What Is a Prostate Biopsy?

What to expect when undergoing this test

A doctor may recommend a prostate biopsy if you have an elevated prostate-specific antigen (PSA) test or abnormal digital rectal exam, which can indicate prostate cancer. While screening tests may suggest there is a problem, a prostate biopsy is needed to make a prostate cancer diagnosis and determine the aggressiveness of the disease. In this procedure, a needle is inserted into the prostate gland (most commonly through the rectum) to obtain samples of tissue. This may be done randomly or with the guidance of imaging.

what to expect during a prostate biopsy
Illustration by Emily Roberts, Verywell

Purpose of Test

When a prostate-specific antigen (PSA) test and/or digital rectal exam are abnormal, a doctor needs to advance to a prostate biopsy in order view the prostate tissue and look for actual evidence of prostate cancer; screening tests are suggestive, but not definitive. The biopsy will also help set the course for treatment.

Reasons to do this test may include:

  • An elevated PSA test
  • An abnormality on a digital rectal exam, such as a lump
  • An abnormality on a transrectal ultrasound (TRUS)
  • When a previous prostate biopsy is negative, but the PSA test remains elevated

A prostate biopsy may also be done in men with known prostate cancer to look for progression of the disease.

Types

Prostate biopsies can vary both in the method used and the site where the biopsy is done.

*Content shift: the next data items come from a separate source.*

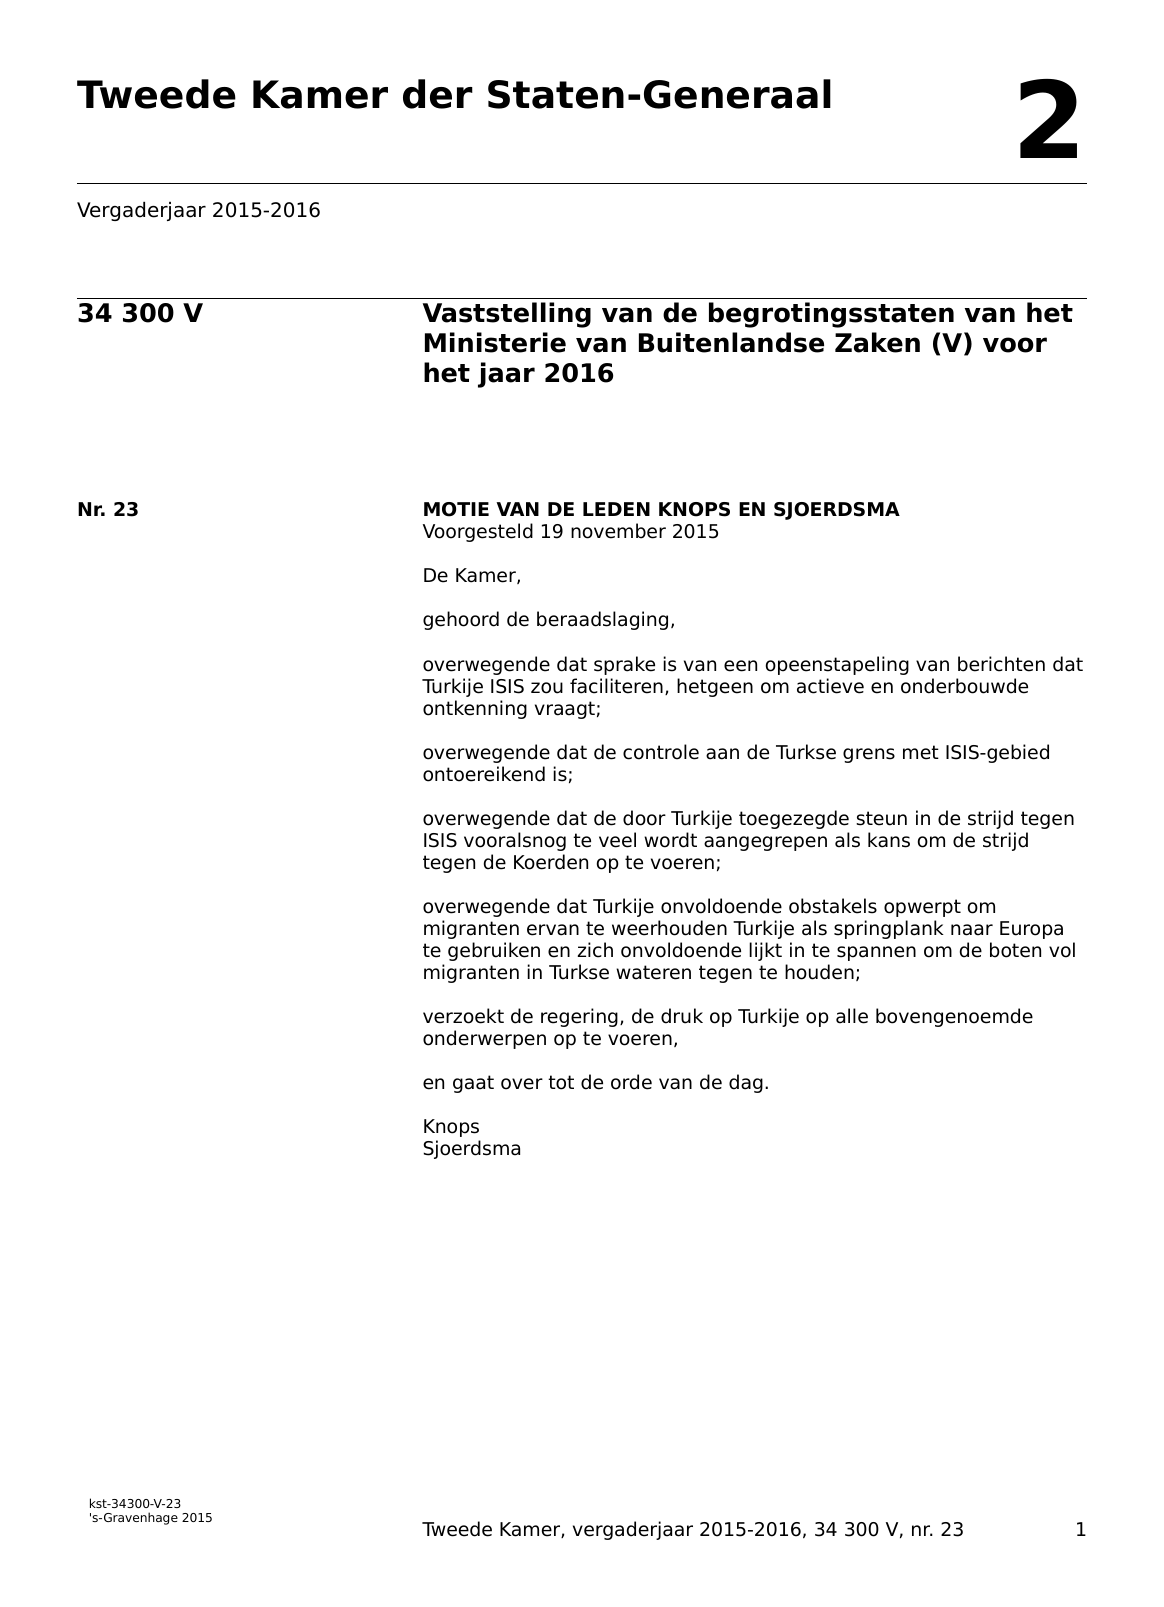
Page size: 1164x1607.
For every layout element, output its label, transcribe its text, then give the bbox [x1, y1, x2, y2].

text overwegende dat sprake is van een opeenstapeling van berichten dat Turkije ISIS zou faciliteren, hetgeen om actieve en onderbouwde ontkenning vraagt; [422, 653, 1087, 719]
subtitle 34 300 V Vaststelling van de begrotingsstaten van het Ministerie van Buitenlandse Zaken (V) voor het jaar 2016 [77, 299, 1087, 388]
text verzoekt de regering, de druk op Turkije op alle bovengenoemde onderwerpen op te voeren, [422, 1006, 1087, 1050]
text Knops [422, 1116, 1087, 1138]
text Voorgesteld 19 november 2015 [422, 521, 1087, 543]
text overwegende dat de door Turkije toegezegde steun in de strijd tegen ISIS vooralsnog te veel wordt aangegrepen als kans om de strijd tegen de Koerden op te voeren; [422, 808, 1087, 874]
text overwegende dat de controle aan de Turkse grens met ISIS-gebied ontoereikend is; [422, 742, 1087, 786]
text kst-34300-V-23 [88, 1497, 323, 1511]
text 's-Gravenhage 2015 [88, 1511, 323, 1525]
subtitle Nr. 23 MOTIE VAN DE LEDEN KNOPS EN SJOERDSMA [77, 499, 1087, 521]
text overwegende dat Turkije onvoldoende obstakels opwerpt om migranten ervan te weerhouden Turkije als springplank naar Europa te gebruiken en zich onvoldoende lijkt in te spannen om de boten vol migranten in Turkse wateren tegen te houden; [422, 896, 1087, 984]
text en gaat over tot de orde van de dag. [422, 1072, 1087, 1094]
text gehoord de beraadslaging, [422, 609, 1087, 631]
table_header Tweede Kamer der Staten-Generaal [77, 59, 886, 183]
text Sjoerdsma [422, 1138, 1087, 1160]
table_header 2 [886, 59, 1087, 183]
text De Kamer, [422, 565, 1087, 587]
table_cell Vergaderjaar 2015-2016 [77, 184, 1087, 298]

In the past, a random 12-core biopsy was more commonly done. In this procedure, samples are taken from 12 random areas of the prostate gland.

Imaging tests with targeted biopsies are becoming more common and may have greater sensitivity, as well as fewer complications (though they are costlier). In these procedures, abnormal areas are first detected by the use of rectal ultrasound (TRUS), multiparametric MRI, or MRI-TRUS fusion (a combination of rectal ultrasound and mpMRI), and these abnormal regions are then selectively biopsied.

The most common biopsy is transrectal, in which the biopsy needles are introduced into the prostate gland via the rectum.

Another option is transperineal, in which an incision is made between the scrotum and rectum, and the biopsy needles are introduced into the prostate from this region. The transperineal approach may be needed if a doctor is suspicious about a cancer in the front of the prostate gland, or if a man has had previous rectal surgery.

Much less commonly, a transurethral approach may be used, in which the biopsy needles are inserted into the prostate gland from the urethra during a cystoscopy.

Limitations

Like many medical tests, a prostate biopsy can have both false negatives (results that are normal even though a cancer is present) and false positives (results that suggest a cancer is present when one is not).

With regard to false negatives, prostate biopsies miss about 20 percent of prostate cancers. Fortunately, most prostate cancers are slow growing, and if a PSA remains elevated, a repeat biopsy is often recommended. It's thought that MRI/targeted biopsies may enhance the accuracy of results and miss fewer cancers, but since this is a relatively new technique, there is a learning curve associated with its use.

The issue of false positives has led to significant debate and controversy in recent years. False positives (overdiagnosis) may result in overtreatment, which exposes men to challenging side effects without any benefit. It's thought that random biopsies, in particular, frequently overdiagnose harmless Gleason 6 tumors (see below).

Alternatives

Many men have wondered whether it is possible to substitute a scan for a biopsy. At the current time, multiparametric MRI (as well as some enzyme tests) may help reduce the number of unnecessary biopsies done, but a biopsy is still needed both to diagnose the disease and determine its aggressiveness.

Risks and Contraindications

As with other medical tests, a prostate biopsy carries potential risks, as well as reasons why the test should not be performed.

Potential Risks

Some of the risks of a prostate biopsy may be more of a concern for certain individuals than others, so be sure to discuss them with your doctor.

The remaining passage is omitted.